[Vision2020] By the End of the Century Half of All Species Will Be Extinct.
Ted Moffett
starbliss at gmail.com
Wed May 9 10:52:13 PDT 2007
http://news.independent.co.uk/environment/article2494659.ece
Animal Extinction - the greatest threat to mankind
By the end of the century half of all species will be extinct. Does that
matter?
By Julia Whitty Published: 30 April 2007
In the final stages of dehydration the body shrinks, robbing youth from the
young as the skin puckers, eyes recede into orbits, and the tongue swells
and cracks. Brain cells shrivel and muscles seize. The kidneys shut down.
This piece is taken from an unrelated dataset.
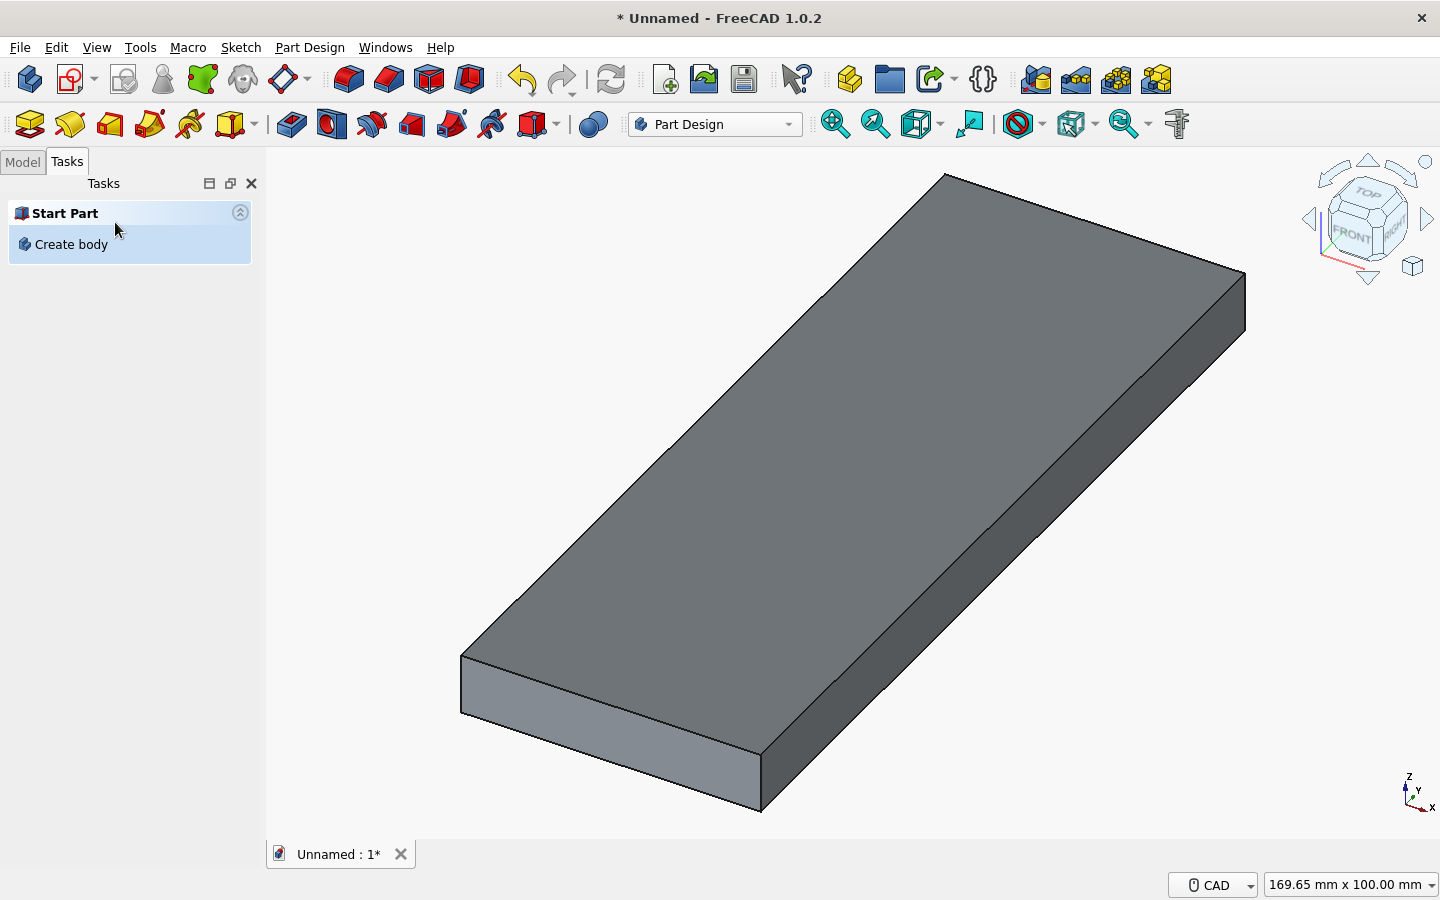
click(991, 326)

Blood volume drops, triggering hypovolemic shock, with its attendant
respiratory and cardiac failures. These combined assaults disrupt the
chemical and electrical pathways of the body until all systems cascade
toward death.
Such is also the path of a dying species. Beyond a critical point, the
collective body of a unique kind of mammal or bird or amphibian or tree
cannot be salvaged, no matter the first aid rendered. Too few individuals
spread too far apart, or too genetically weakened, are susceptible to even
small natural disasters: a passing thunderstorm; an unexpected freeze;
drought. At fewer than 50 members, populations experience increasingly
random fluctuations until a kind of fatal arrhythmia takes hold. Eventually,
an entire genetic legacy, born in the beginnings of life on earth, is
removed from the future.
Scientists recognise that species continually disappear at a background
extinction rate estimated at about one species per million per year, with
new species replacing the lost in a sustainable fashion. Occasional mass
extinctions convulse this orderly norm, followed by excruciatingly slow
recoveries as new species emerge from the remaining gene-pool, until the
world is once again repopulated by a different catalogue of flora and fauna.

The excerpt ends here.